There are times when you need to divide one metric by another metric.
For example, I'd like to calculate a mean latency like that:
rate({__name__="hystrix_command_latency_total_seconds_sum"}[60s])
/
rate({__name__="hystrix_command_latency_total_seconds_count"}[60s])
If there is no activity during the specified time period, the rate()
in the divider becomes 0
and the result of division becomes NaN
.
If I do some aggregation over the results (avg()
or sum()
or whatever), the whole aggregation result becomes NaN
.
So I add a check for zero in divider:
rate({__name__="hystrix_command_latency_total_seconds_sum"}[60s])
/
(rate({__name__="hystrix_command_latency_total_seconds_count"}[60s]) > 0)
This removes NaN
s from the result vector. And also tears the line on the graph to shreds.

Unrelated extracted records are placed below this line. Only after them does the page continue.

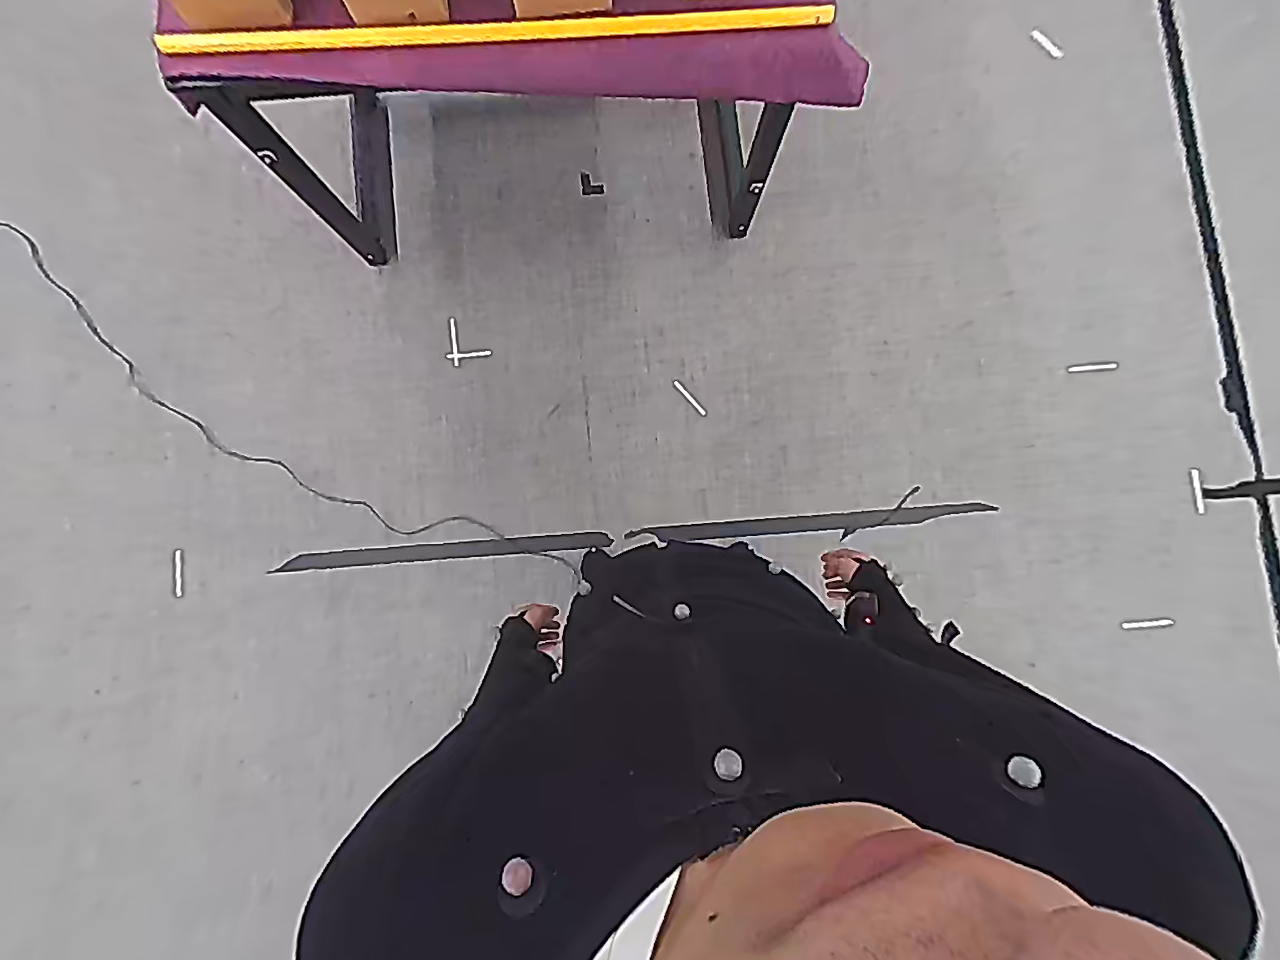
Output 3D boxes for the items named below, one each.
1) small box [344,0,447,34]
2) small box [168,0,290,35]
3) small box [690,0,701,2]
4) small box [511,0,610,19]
[{"bbox_3d":[-0.434,-0.902,0.904,0.168,0.176,0.179,-5,85,0],"label":"small box"},{"bbox_3d":[-0.714,-0.890,0.899,0.179,0.176,0.168,-6,85,-1],"label":"small box"},{"bbox_3d":[0.147,-0.969,0.912,0.168,0.176,0.179,-6,84,1],"label":"small box"},{"bbox_3d":[-0.148,-0.924,0.907,0.179,0.176,0.168,-7,84,-1],"label":"small box"}]
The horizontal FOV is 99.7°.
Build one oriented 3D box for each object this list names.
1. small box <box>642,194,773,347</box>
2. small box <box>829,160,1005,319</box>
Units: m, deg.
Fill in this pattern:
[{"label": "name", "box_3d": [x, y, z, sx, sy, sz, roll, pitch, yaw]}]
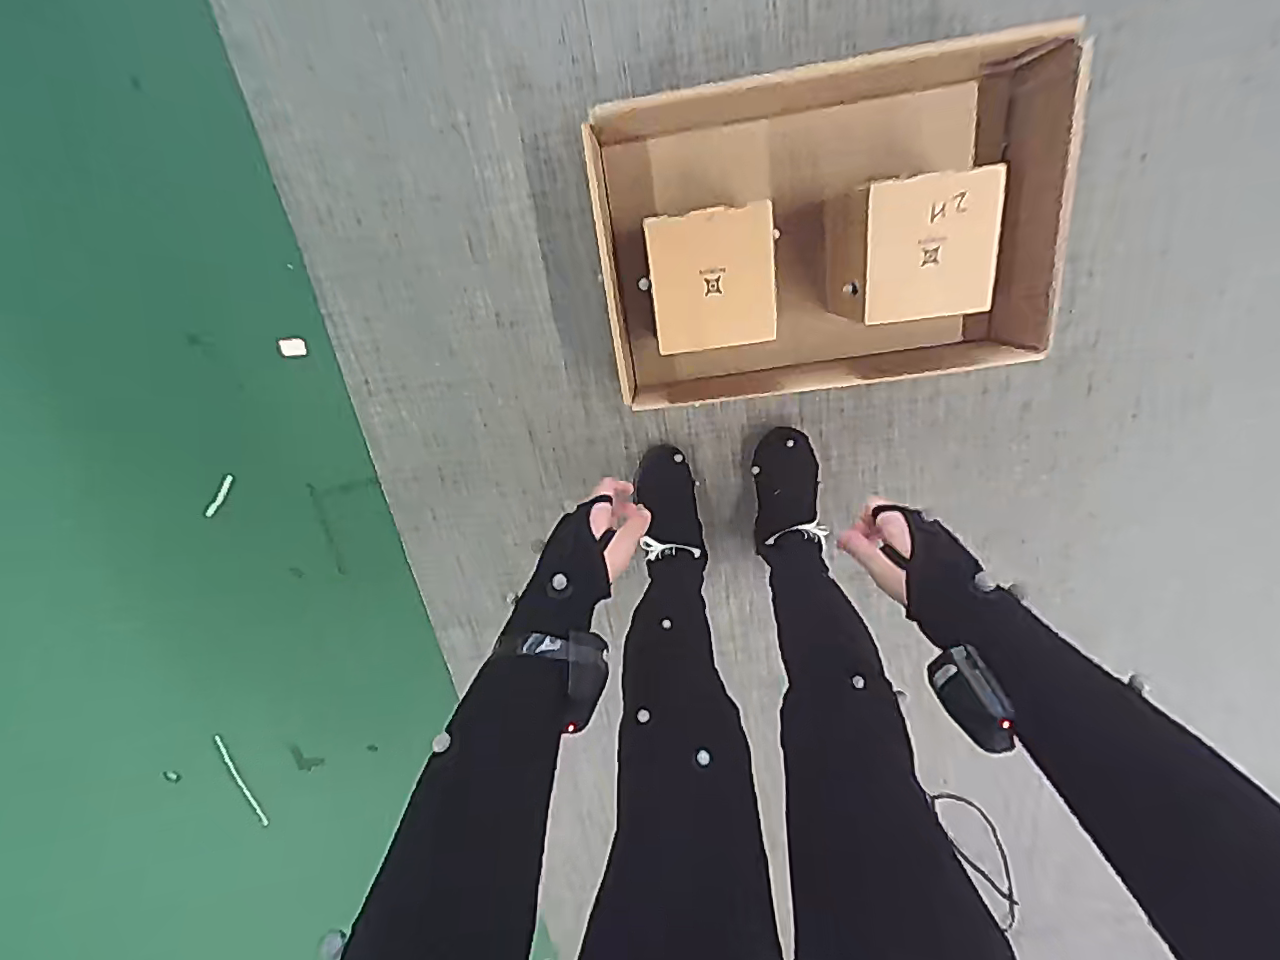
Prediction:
[{"label": "small box", "box_3d": [0.096, -0.302, 0.791, 0.168, 0.176, 0.179, -6, 110, 4]}, {"label": "small box", "box_3d": [0.375, -0.334, 0.768, 0.168, 0.176, 0.179, -5, 112, 4]}]

Let's mark periods of inactivity with 0
value to make the graph continuous again:
rate({__name__="hystrix_command_latency_total_seconds_sum"}[60s])
/
(rate({__name__="hystrix_command_latency_total_seconds_count"}[60s]) > 0)
or
rate({__name__="hystrix_command_latency_total_seconds_count"}[60s]) > bool 0
This effectively replaces NaN
s with 0
, graph is continuous, aggregations work OK.

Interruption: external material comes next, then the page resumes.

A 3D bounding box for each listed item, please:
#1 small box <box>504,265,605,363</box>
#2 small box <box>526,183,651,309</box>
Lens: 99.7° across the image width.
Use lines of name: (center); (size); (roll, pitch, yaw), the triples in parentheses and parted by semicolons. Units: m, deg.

But resulting query is slightly cumbersome, especially when you need to do more label filtering and do some aggregations over results. Something like that:
avg(
1000 * increase({__name__=~".*_hystrix_command_latency_total_seconds_sum", command_group=~"$commandGroup", command_name=~"$commandName", job=~"$service", instance=~"$instance"}[60s])
/
(increase({__name__=~".*_hystrix_command_latency_total_seconds_count", command_group=~"$commandGroup", command_name=~"$commandName", job=~"$service", instance=~"$instance"}[60s]) > 0)
or
increase({__name__=~".*_hystrix_command_latency_total_seconds_count", command_group=~"$commandGroup", command_name=~"$commandName", job=~"$service", instance=~"$instance"}[60s]) > bool 0
) by (command_group, command_name)
Long story short: Are there any simpler ways to deal with zeros in divider? Or any common practices?